Aim of the task | Find every line below with the string "model" and pick it out.

Saved data entries:
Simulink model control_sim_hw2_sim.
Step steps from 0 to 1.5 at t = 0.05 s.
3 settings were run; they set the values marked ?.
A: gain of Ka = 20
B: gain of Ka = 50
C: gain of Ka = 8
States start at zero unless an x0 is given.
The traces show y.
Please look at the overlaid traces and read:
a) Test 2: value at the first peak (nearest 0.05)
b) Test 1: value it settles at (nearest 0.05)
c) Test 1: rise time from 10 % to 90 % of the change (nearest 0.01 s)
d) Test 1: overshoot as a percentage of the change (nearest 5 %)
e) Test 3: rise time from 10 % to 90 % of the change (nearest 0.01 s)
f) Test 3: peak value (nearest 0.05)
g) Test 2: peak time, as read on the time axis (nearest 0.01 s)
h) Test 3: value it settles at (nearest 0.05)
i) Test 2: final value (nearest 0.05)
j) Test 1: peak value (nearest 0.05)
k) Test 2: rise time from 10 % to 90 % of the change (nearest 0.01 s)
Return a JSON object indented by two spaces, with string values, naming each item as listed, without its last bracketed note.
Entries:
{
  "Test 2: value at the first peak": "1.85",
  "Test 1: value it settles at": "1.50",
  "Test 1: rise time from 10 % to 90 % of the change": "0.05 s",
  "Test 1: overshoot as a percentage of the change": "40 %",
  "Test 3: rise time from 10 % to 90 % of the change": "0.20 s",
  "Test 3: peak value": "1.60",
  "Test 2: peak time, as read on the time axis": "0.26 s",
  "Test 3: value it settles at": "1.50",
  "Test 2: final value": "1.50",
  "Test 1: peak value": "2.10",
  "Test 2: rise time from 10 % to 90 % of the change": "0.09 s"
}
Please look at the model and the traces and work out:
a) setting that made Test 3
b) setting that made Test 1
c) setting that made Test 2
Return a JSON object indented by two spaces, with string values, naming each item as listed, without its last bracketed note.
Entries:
* * *
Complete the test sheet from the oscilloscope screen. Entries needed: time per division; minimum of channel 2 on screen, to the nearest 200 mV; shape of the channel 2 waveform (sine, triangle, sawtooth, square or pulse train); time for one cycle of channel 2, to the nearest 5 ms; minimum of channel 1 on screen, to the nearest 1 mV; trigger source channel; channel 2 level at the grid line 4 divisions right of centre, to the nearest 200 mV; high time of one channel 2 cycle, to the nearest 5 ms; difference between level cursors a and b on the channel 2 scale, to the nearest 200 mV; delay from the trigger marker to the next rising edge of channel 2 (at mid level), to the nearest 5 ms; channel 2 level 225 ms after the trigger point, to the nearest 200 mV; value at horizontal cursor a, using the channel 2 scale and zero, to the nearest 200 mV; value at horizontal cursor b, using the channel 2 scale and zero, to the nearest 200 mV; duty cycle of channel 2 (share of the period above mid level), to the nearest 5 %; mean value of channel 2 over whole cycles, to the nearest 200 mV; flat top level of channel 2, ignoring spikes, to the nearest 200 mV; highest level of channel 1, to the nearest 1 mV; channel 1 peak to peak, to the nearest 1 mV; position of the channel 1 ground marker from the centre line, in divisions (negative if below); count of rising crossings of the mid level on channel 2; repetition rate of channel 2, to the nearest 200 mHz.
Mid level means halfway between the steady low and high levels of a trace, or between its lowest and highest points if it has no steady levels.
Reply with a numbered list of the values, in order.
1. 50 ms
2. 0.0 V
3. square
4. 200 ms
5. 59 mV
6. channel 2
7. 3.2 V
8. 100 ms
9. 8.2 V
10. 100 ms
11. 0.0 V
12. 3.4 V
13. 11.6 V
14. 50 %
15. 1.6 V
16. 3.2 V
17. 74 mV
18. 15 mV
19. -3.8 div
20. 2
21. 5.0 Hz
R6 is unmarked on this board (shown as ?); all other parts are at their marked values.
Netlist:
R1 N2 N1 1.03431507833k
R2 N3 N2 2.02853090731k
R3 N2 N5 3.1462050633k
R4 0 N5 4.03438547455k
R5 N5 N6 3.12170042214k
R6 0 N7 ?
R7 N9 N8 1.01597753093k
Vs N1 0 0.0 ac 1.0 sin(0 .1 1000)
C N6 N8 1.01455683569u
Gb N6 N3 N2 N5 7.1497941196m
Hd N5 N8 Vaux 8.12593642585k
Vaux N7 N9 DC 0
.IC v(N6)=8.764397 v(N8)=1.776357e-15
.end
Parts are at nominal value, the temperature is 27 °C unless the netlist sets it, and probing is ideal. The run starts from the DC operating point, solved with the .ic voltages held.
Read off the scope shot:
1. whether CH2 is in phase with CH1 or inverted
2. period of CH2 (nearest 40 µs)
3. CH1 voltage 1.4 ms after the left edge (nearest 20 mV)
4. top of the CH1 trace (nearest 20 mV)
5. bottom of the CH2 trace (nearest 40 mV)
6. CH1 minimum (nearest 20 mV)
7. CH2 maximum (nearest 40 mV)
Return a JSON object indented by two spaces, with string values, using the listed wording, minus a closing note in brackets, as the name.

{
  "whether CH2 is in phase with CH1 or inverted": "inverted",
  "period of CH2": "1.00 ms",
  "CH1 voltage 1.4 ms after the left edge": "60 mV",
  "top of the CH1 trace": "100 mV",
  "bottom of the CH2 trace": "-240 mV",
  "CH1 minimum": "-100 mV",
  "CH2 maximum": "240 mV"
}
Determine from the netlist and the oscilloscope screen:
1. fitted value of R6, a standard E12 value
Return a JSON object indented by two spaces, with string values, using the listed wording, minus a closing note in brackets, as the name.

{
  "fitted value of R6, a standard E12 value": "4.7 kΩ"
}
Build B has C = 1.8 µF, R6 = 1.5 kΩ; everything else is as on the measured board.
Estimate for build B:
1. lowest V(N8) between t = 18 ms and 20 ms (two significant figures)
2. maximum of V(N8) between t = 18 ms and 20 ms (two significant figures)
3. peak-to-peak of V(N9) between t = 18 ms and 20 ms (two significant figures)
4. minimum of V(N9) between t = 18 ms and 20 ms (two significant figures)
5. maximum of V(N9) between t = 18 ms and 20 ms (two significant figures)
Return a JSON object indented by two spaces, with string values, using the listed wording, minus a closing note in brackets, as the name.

Written solution |
Simulink model control_sim_hw2_sim.
Please look at the model and the traces and work out:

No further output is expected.